Is 3D dying or maturing?

The 3D craze may have slowed to a virtual crawl, but one industry expert says the medium is evolving – not dying.

“Early this year, media pundits were declaring that 3D was revolutionizing the industry. Now those same people are declaring that it was only a novelty that is already fizzling out,” claimed Scott Hettrick.

“As usual, neither is true and both are exaggerations and over-simplifications of the natural evolution of the format.”

According to Hettrick, pundits prone to making “superficial assessments”  would have undoubtedly dismissed sound and color as “passing” fads.

“It’s as if once a new technology is introduced, every film using that technology must be a major hit or the technology will be blamed rather than the movie.

“That’s as ludicrous as pinning the disappointing performance of ‘Charlie St. Cloud’ on the fact that it was filmed in traditional 2D instead of 3D. [Clearly], the truth is too nuanced or not sexy enough for quick-hit pundits looking for a headline, a quote, and a booking on a TV program.”
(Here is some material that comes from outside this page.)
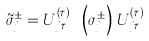<formula> <loc_0><loc_0><loc_500><loc_500>\tilde { \sigma } _ { j } ^ { \pm } = U _ { j \tau } ^ { \left ( \tau \right ) \dagger } \, \left ( \sigma _ { j } ^ { \pm } \right ) \, U _ { j \tau } ^ { \left ( \tau \right ) }</formula> 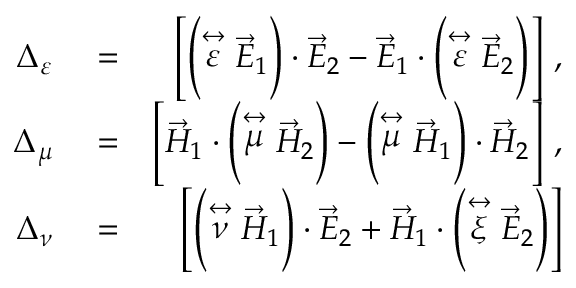<formula> <loc_0><loc_0><loc_500><loc_500>\begin{array} { r l r } { \Delta _ { \varepsilon } } & = } & { \left [ \left ( \stackrel { \leftrightarrow } { \varepsilon } \vec { E } _ { 1 } \right ) \cdot \vec { E } _ { 2 } - \vec { E } _ { 1 } \cdot \left ( \stackrel { \leftrightarrow } { \varepsilon } \vec { E } _ { 2 } \right ) \right ] \, , } \\ { \Delta _ { \mu } } & = } & { \left [ \vec { H } _ { 1 } \cdot \left ( \stackrel { \leftrightarrow } { \mu } \vec { H } _ { 2 } \right ) - \left ( \stackrel { \leftrightarrow } { \mu } \vec { H } _ { 1 } \right ) \cdot \vec { H } _ { 2 } \right ] \, , } \\ { \Delta _ { \nu } } & = } & { \left [ \left ( \stackrel { \leftrightarrow } { \nu } \vec { H } _ { 1 } \right ) \cdot \vec { E } _ { 2 } + \vec { H } _ { 1 } \cdot \left ( \stackrel { \leftrightarrow } { \xi } \vec { E } _ { 2 } \right ) \right ] } \end{array}</formula>

Hettrick explained that the 3D slowdown can be attributed to a number of factors, including a limited number of 3D screens which becomes a “critical issue” when multiple 3D movies are released simultaneously.
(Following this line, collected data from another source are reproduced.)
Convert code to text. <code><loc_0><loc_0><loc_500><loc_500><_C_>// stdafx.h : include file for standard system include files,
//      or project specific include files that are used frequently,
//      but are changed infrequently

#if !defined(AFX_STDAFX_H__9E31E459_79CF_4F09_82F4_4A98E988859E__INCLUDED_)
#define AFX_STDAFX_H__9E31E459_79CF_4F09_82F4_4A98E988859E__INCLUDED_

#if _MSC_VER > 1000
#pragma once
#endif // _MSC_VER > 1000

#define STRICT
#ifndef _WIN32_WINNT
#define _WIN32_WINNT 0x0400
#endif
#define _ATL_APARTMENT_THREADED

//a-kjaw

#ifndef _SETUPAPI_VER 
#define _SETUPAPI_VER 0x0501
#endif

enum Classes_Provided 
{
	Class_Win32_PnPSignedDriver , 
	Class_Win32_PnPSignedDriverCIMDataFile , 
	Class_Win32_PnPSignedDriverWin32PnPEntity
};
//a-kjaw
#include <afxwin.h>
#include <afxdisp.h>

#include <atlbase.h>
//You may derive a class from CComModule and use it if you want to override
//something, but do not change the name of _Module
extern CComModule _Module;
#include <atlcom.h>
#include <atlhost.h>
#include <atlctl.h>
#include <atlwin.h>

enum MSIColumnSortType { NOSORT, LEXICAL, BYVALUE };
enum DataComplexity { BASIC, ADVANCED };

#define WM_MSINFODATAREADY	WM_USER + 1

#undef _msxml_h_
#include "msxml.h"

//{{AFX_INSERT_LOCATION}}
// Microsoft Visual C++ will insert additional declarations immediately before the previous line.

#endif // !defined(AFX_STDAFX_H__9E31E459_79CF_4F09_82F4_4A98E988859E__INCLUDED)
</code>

“Do the math: the fewer available 3D theaters, the smaller the percentage of your overall gross. The bottom line is that 3D has already become mainstream to the point that people are continuing to show that they will pay a premium price to see quality 3D.

“And I have no doubt that the 3D percentage for upcoming films such as ‘Harry Potter and the Deathly Hallows Part 1’ and ‘Tron: Legacy’ will be back up near two-thirds or more.”

However, Hettrick conceded that most moviegoers would not pay extra to see poor quality 3D films.

“They won’t go see a movie they wouldn’t otherwise see just because it’s in 3D; and they won’t wait to see a movie in 3D if it is not available in 3D when they want to see it but it is showing in 2D.

“And none of that has anything to do with the consumer losing interest in 3D technology. Just the opposite; it means that a 3D movie is being judged by the same standards as any other movie. And that’s how it should be.”